When using MPS, it is recommended to use EXCLUSIVE_PROCESS mode to ensure that only a single MPS server is using the GPU, which provides additional insurance that the MPS server is the single point of arbitration between all CUDA processes for that GPU.

Client-Server Architecture

This diagram shows a likely schedule of CUDA kernels when running an MPI application consisting of multiple OS processes without MPS. Note that while the CUDA kernels from within each MPI process may be scheduled concurrently, each MPI process is assigned a serially scheduled time-slice on the whole GPU.

Fig.2. Multi-Process Sharing GPU without MPS (picture from NVIDIA MPS Documentation)

Fig.3. Multi-Process Sharing GPU with MPS (picture from NVIDIA MPS Documentation)

When using pre-Volta MPS, the server manages the hardware resources associated with a single CUDA context. The CUDA contexts belonging to MPS clients funnel their work through the MPS server. This allows the client CUDA contexts to bypass the hardware limitations associated with time sliced scheduling, and permit their CUDA kernels execute simultaneously.

Volta provides new hardware capabilities to reduce the types of hardware resources the MPS server must managed. A client CUDA context manages most of the hardware resources on Volta, and submits work to the hardware directly. The Volta MPS server mediates the remaining shared resources required to ensure simultaneous scheduling of work submitted by individual clients, and stays out of the critical execution path.

The communication between the MPS client and the MPS server is entirely encapsulated within the CUDA driver behind the CUDA API. As a result, MPS is transparent to the MPI program. MPS clients CUDA contexts retain their upcall handler thread and any asynchronous executor threads. The MPS server creates an additional upcall handler thread and creates a worker thread for each client.

Server

The MPS control daemon is responsible for the startup and shutdown of MPS servers. The control daemon allows at most one MPS server to be active at a time. When an MPS client connects to the control daemon, the daemon launches an MPS server if there is no server active. The MPS server is launched with the same user id as that of the MPS client.

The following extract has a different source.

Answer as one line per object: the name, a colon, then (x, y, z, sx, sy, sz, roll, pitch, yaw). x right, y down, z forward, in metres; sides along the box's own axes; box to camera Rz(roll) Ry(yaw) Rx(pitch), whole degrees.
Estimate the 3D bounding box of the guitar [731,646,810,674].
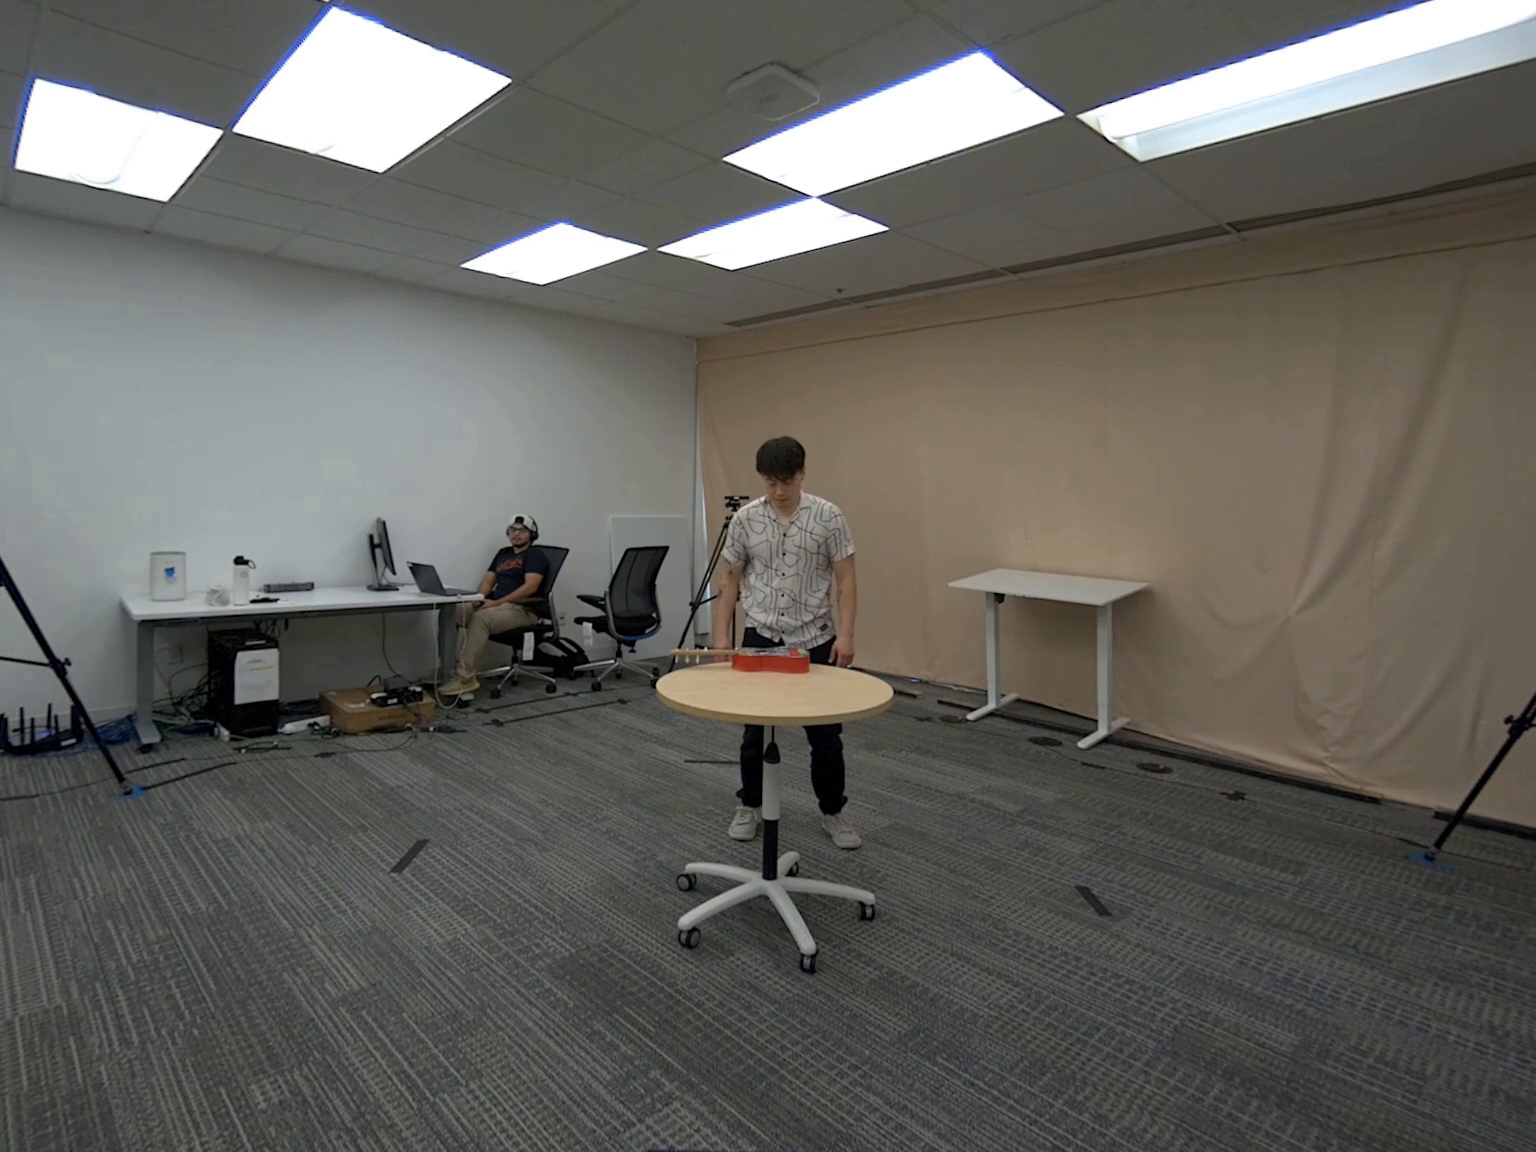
guitar: (-0.098, 0.295, 3.028, 0.499, 0.070, 0.193, 2, 6, 4)

If there is an MPS server already active and the user id of the server and client match, then the control daemon allows the client to proceed to connect to the server. If there is an MPS server already active, but the server and client were launched with different user id’s, the control daemon requests the existing server to shutdown once all its clients have disconnected. Once the existing server has shutdown, the control daemon launches a new server with the same user id as that of the new user's client process.

The MPS control daemon does not shutdown the active server if there are no pending client requests. This means that the active MPS server process will persist even if all active clients exit. The active server is shutdown when either a new MPS client, launched with a different user id than the active MPS server, connects to the control daemon or when the work launched by the clients has caused an exception.

The control daemon executable also supports an interactive mode where a user with sufficient permissions can issue commands, for example to see the current list of servers and clients or startup and shutdown servers manually.

Client Attach/Detach

When CUDA is first initialized in a program, the CUDA driver attempts to connect to the MPS control daemon. If the connection attempt fails, the program continues to run as it normally would without MPS. If however, the connection attempt succeeds, the MPS control daemon proceeds to ensure that an MPS server, launched with same user id as that of the connecting client, is active before returning to the client. The MPS client then proceeds to connect to the server.

All communication between the MPS client, the MPS control daemon, and the MPS server is done using named pipes and UNIX domain sockets. The MPS server launches a worker thread to receive commands from the client. Upon client process exit, the server destroys any resources not explicitly freed by the client process and terminates the worker thread.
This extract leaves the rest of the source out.